Automatic asset paths prevent logical asset organization

Hey Andrew,

I have always liked the automatic asset paths and thought they allowed the top level Rails applications as well as engine authors the ability to create namespaces via directories.

I read your whole email but kind of got lost. Is your main issue that creating a namespace via directories is a chore since it has to be done in 3 places?

Or a more concrete question. I am the author of the less-rails and the matching less-rails-bootstrap gems. I was very conscious about directory namespaces and made sure that my namespace for less-rails-bootstrap was "twitter/bootstrap". I am a firm believer that engines that deliver assets should follow this pattern. So the question, what would you suggest doing differently vs this setup?

https://github.com/metaskills/less-rails-bootstrap/tree/master/vendor/assets

- Ken

Thanks Ken, I’ll try to be more clear:

Asset gems often exist just to isolate those resources into a simple package to save everyone the trouble of reorganizing third-party files specially for the asset pipeline & maintaining that reorganization going forward. For some things the reorganization makes sense, and I won’t disagree with the way you’ve packaged the less-bootstrap gem. +1 for namespacing under “twitter/bootstrap”, but this isn’t necessarily about that.

The issue is that for drop-in use of third-party assets (from plain folders, not gems), I think it’s more logical to keep their files in one self-contained folder and namespace, without having to tease out and reorganize them. As a benefit, we can use a git submodule to update their whole package, and encapsulate access into it using manifest files.

I think I’ll end up settling on something like this:

vendor/assets/images/ # empty

vendor/assets/javascripts/ # empty

vendor/assets/stylesheets/ # empty

vendor/assets/packages/xyz/

vendor/assets/packages/xyz/random.js

vendor/assets/packages/xyz.js # manifest //= ./xyz/random.js

Using “packages” is there to nest everything one level down so I can isolate the “xyz” package into its own directory.

There doesn’t seem to be any documentation or conventions for this so I wanted to open the discussion around how third-party assets should be handled for drop-in use.

My original point was that adding another folder of my own naming e.g. “assets/xyz” would shadow the standard folders: I don’t think that’s desired behaviour.

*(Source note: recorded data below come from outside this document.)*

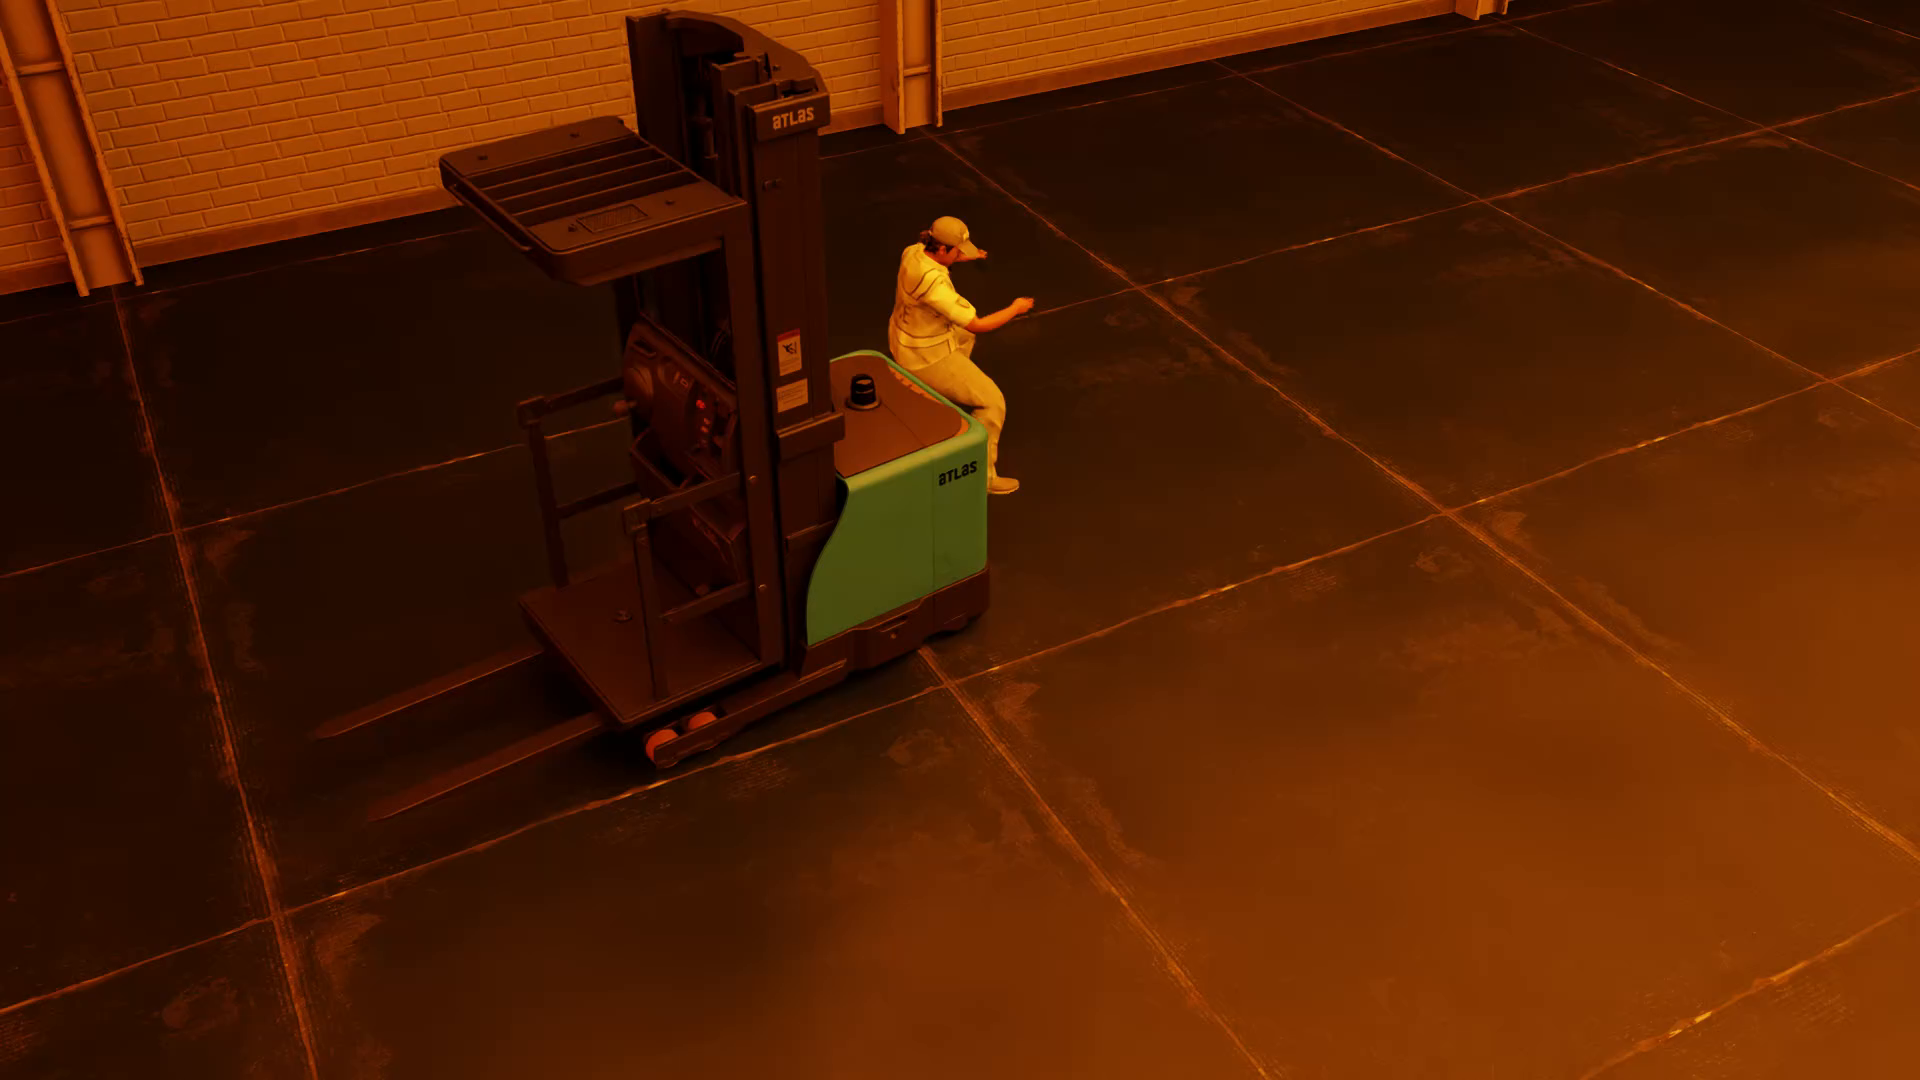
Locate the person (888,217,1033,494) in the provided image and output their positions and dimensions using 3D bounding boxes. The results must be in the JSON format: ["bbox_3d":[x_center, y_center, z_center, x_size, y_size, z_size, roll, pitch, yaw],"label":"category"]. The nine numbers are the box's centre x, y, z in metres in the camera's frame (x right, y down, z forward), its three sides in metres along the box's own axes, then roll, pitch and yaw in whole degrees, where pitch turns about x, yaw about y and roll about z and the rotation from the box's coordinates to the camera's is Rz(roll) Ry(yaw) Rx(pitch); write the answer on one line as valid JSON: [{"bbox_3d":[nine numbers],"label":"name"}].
[{"bbox_3d":[0.005,-1.082,8.956,0.743,1.451,0.951,-8,36,-11],"label":"person"}]

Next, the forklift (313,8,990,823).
[{"bbox_3d":[-1.348,-0.551,6.902,3.031,2.935,1.130,-23,41,-29],"label":"forklift"}]
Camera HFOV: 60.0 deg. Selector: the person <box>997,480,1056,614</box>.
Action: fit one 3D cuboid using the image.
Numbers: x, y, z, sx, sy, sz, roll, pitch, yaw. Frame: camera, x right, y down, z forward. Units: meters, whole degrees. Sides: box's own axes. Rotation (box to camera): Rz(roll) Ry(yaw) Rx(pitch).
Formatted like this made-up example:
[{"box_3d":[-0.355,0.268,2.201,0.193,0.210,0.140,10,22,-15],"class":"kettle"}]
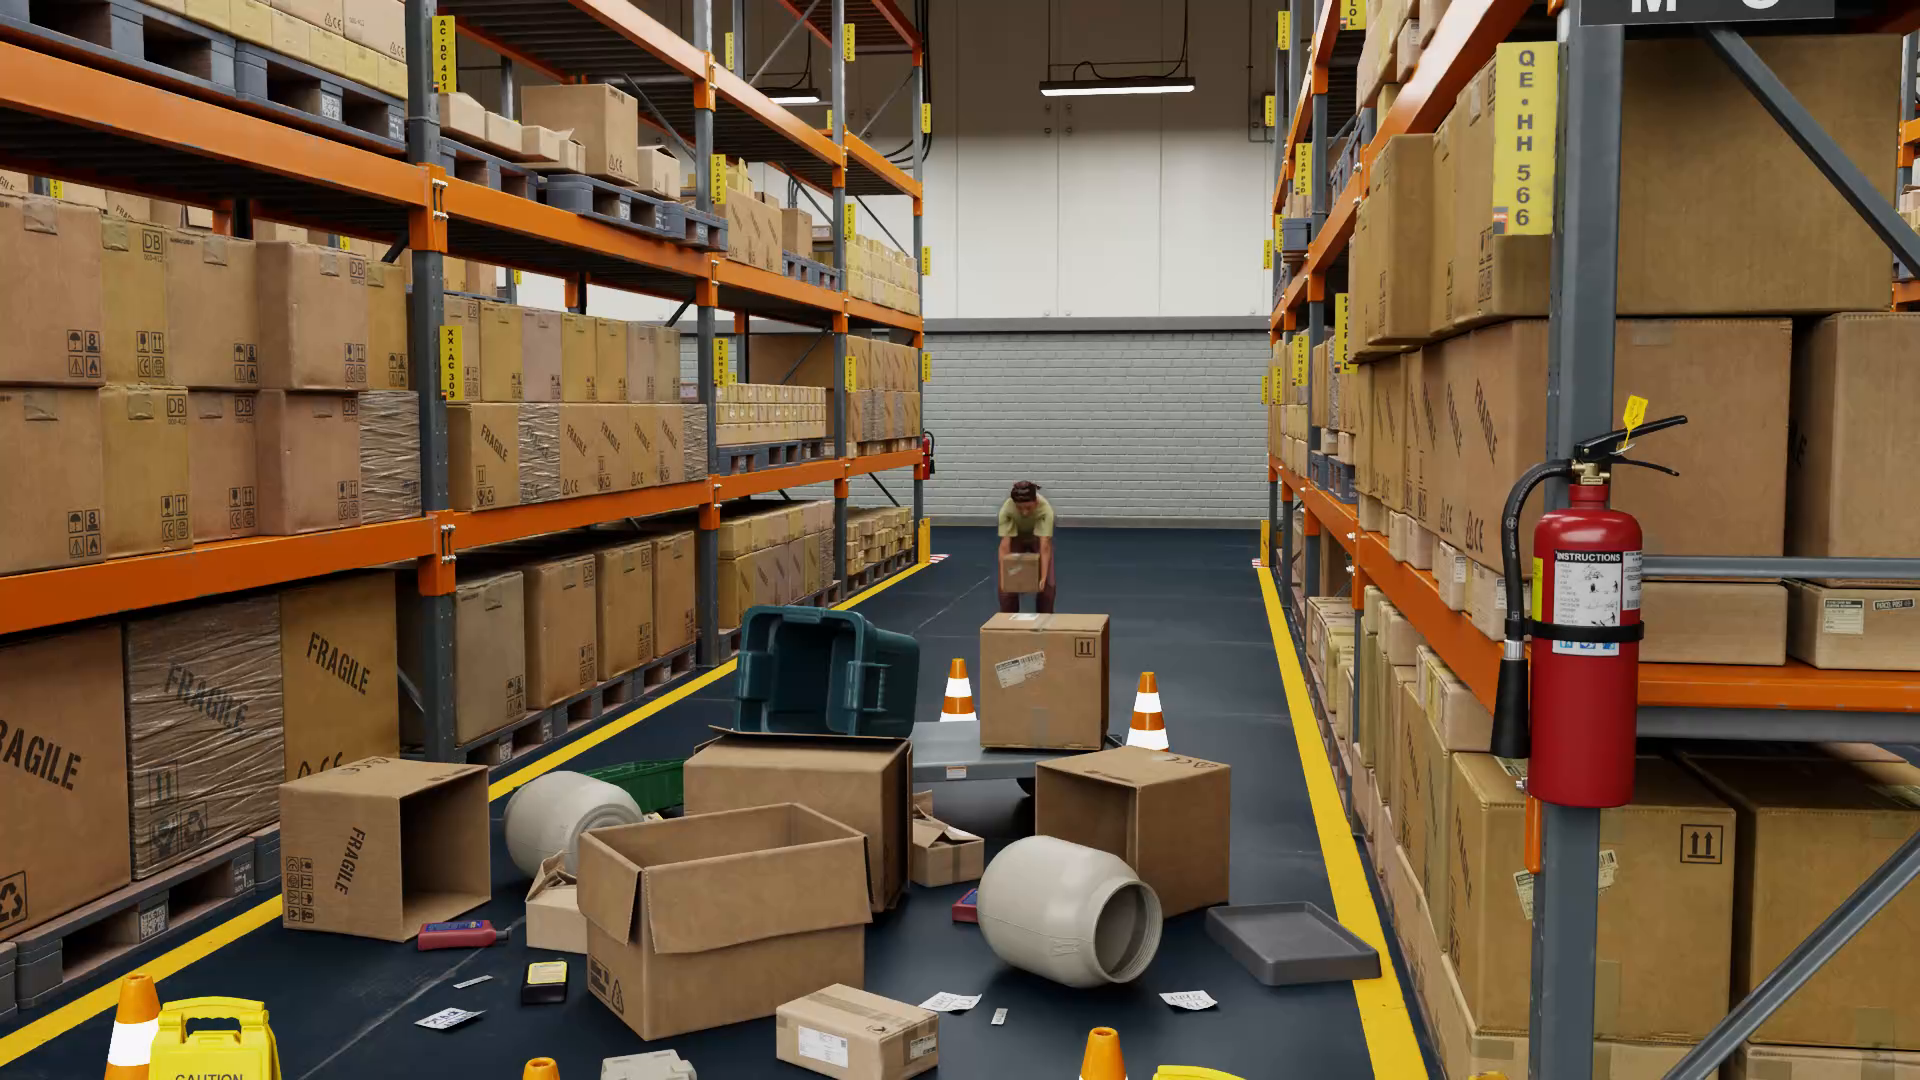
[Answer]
[{"box_3d":[0.474,0.191,12.019,0.426,1.272,0.820,1,5,7],"class":"person"}]

I did update docrails to reflect how it currently works, but let’s discuss if the docs were originally right and Rails currently isn’t: https://github.com/lifo/docrails/commit/ad088f09

So, to be more concrete:

  1. Should asset paths be limited to (images|javascripts|stylesheets) instead of * glob to prevent accidental shadowing? (Other asset paths can be added explicitly.)

  2. If assets/* should remain, should Guides document how other directories in there are meant to be used? (e.g. just for adding extra file types like “flash”)

  3. Promote something like “vendor/assets/packages” as an optional convention, or bless it as a standard path for drop-in use of asset folders?